Carefully scramble up the loose, rotten granite past rotting blocks to the base of the crack. This is about 30' of gain, about the same distance. Be careful to mind the plants somehow surviving on this rock.
Route Description
Unfortunately, there isn't much to say. There are 2 ways up on the east face, which is the easiest route.
The route,
Ticked Off, goes at 5.7-, with 2 committing moves, followed by a nice stem/chimney.
Just above the difficulties. The first move is a very committing right foot step with no hands.
Key steps. The boulder is mostly vertical at this point.
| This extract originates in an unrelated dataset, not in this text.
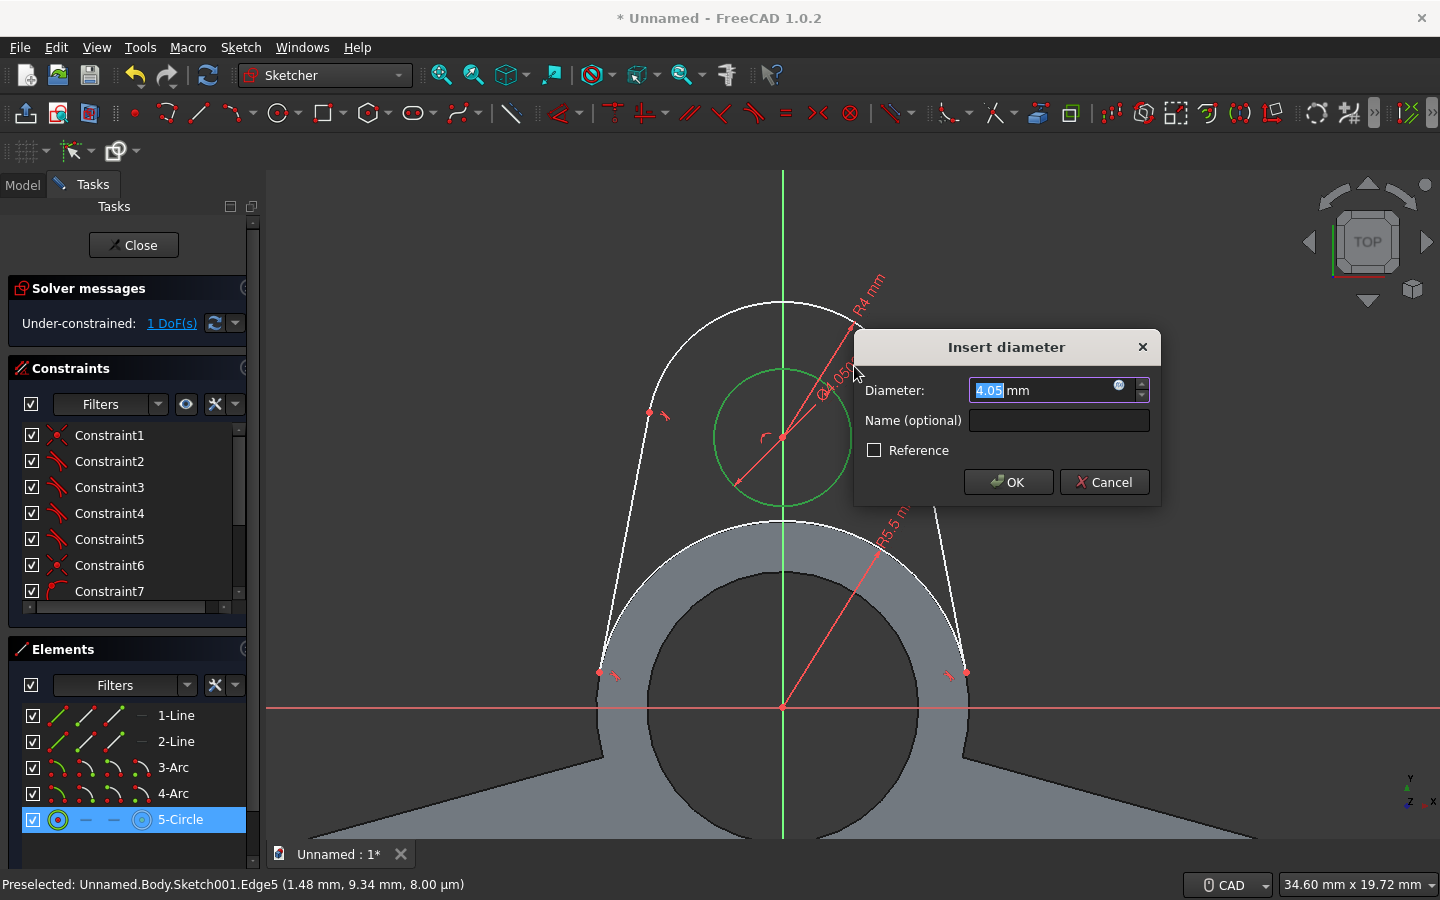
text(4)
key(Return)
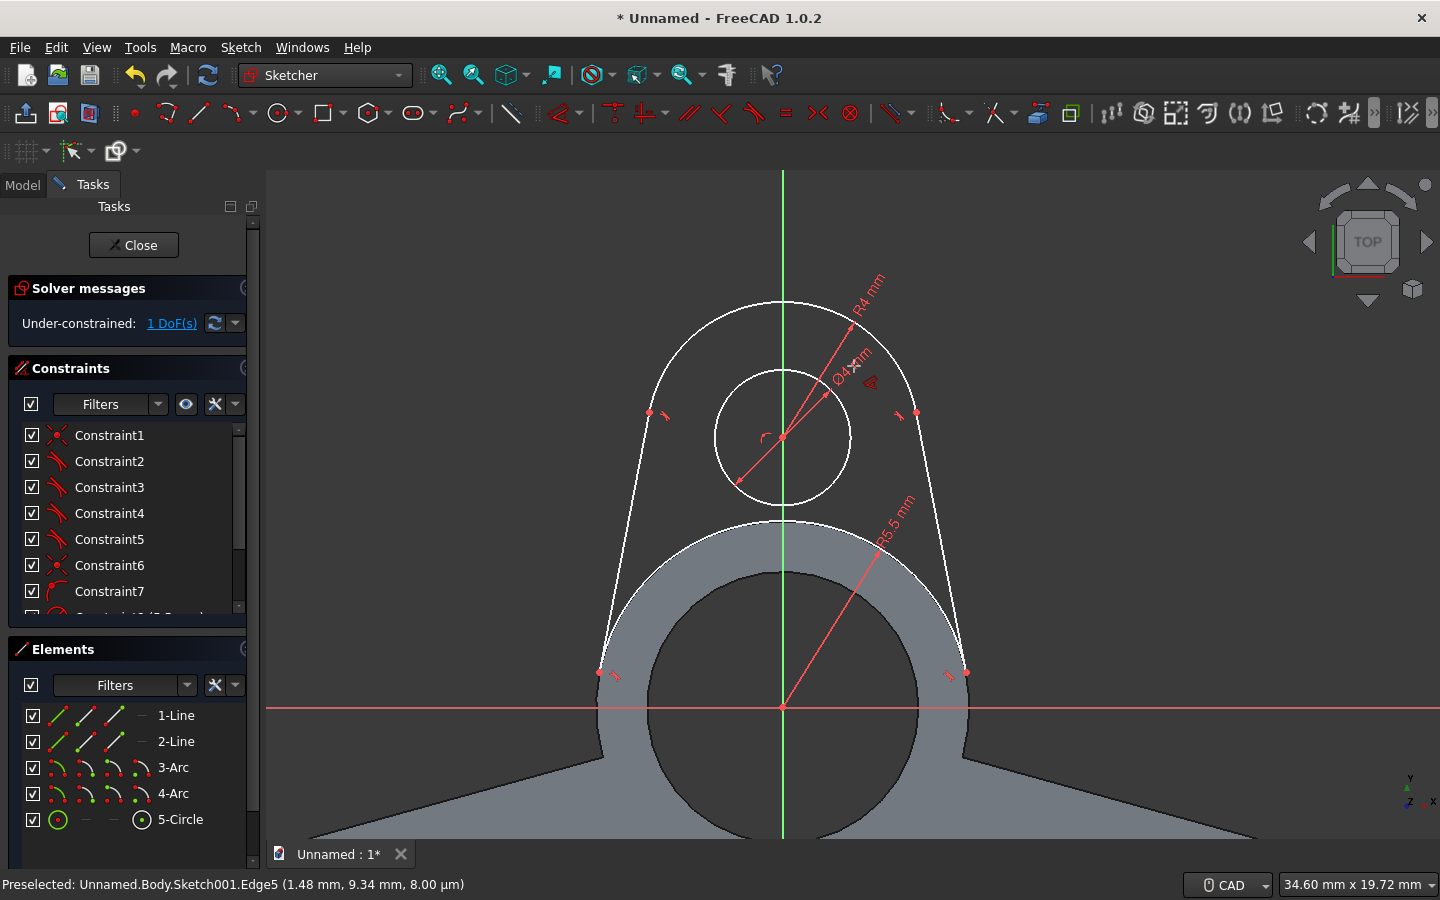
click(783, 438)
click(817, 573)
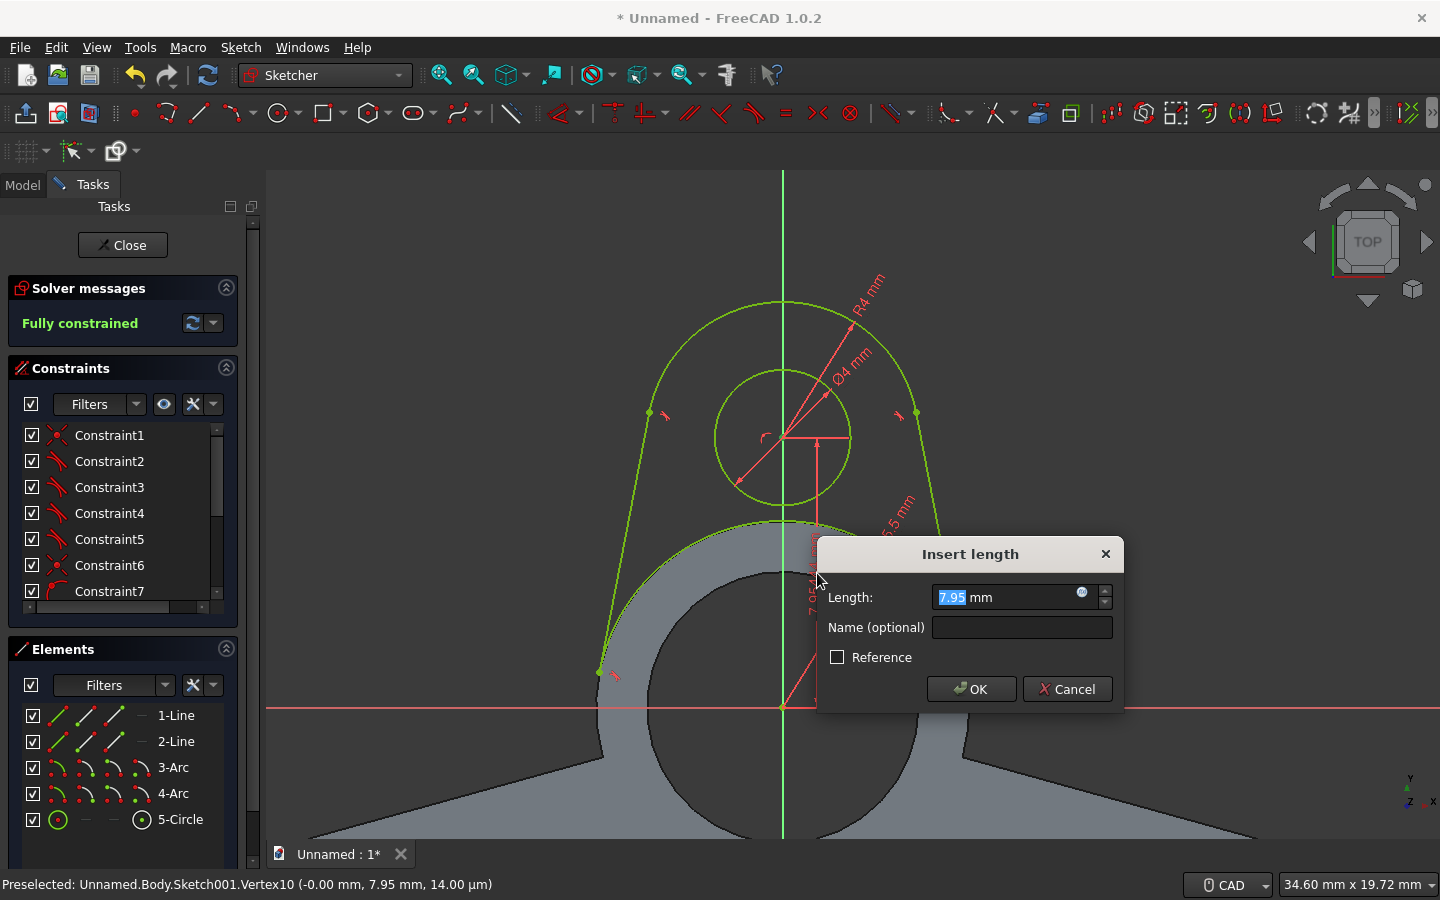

Your belayer will be directly below you, so a fall will result in the two of you becoming very close.
Pete rockin' the off-width.
The stem/chimney is a nice bit of friction work. It flares wider the farther out you are (and tighter the farther in). The rock is very licheny. A
tall spotter can be useful in this location. The entire bit of work is only 30'. After reaching the belay station, hop, skip, and jump across the gap to the north, and then circle around to reach the summit.
Dad crossing the gap.
An alternate with similar (worse?) fall potential exists to the left (south) of
Ticked Off. It is a smooth, rounded face problem. No gear potential exists here at all. It is another free solo. The holds are thinner, and again, lichen covered. The fall to the left (south) goes to 60' pretty quickly. The anchor is again about 30' above the base of this route.
There are 2 other workable off-width lines on the S and the N faces, but they are protected by junk rock and delaminating flakes. There also appears to be 2 very good cracks, again on the N and the S sides, but they are well above my climbing ability at 5.10+ trad. Both appear to require #5 and larger cams (north side) and #2 and bigger (south side). Likely awkward finish on the south hard route. The north hard route appears to end nicely on the the summit.
North side route.
South crack coming into view.
Sarah standing tall. Essential Gear
Good sense (questionable) and comfortable scrambling and climbing skills are necessary to attempt
Ticked Off. A helmet is highly recommended. A 30m rope is necessary to get down off the boulder, as is a harness and a rappelling device. We used a very thin lead climbing rope (8mm). An 8' sling can be used to sling the rotten boulder on top of the pitch. You can also bring your P.A.S. and a locking carabiner and clip the recently installed gear. As far as pro... well, there isn't really a good placement for gear. You could probably actually get 1 piece in, if you had a 12"+ Big Bro. Otherwise, it is pretty much a free solo. You should also protect the belayer with another long sling, which can be girth hitched at the bottom of the crack.
For those simply interested in hiking to the amazing viewpoint or base of the summit boulder, one should plan on the usual hiking accoutrements (good boots, hiking poles for those that prefer them), a hat, sunscreen, sunglasses, WATER, and food. Because you are VERY FAR from anywhere, be sure to tell people where you're going, and you estimated time of return. There is no cell phone service in the area. The nearest help is at the Lost Valley Ranch, a good 4+ mile hike from anywhere along this route.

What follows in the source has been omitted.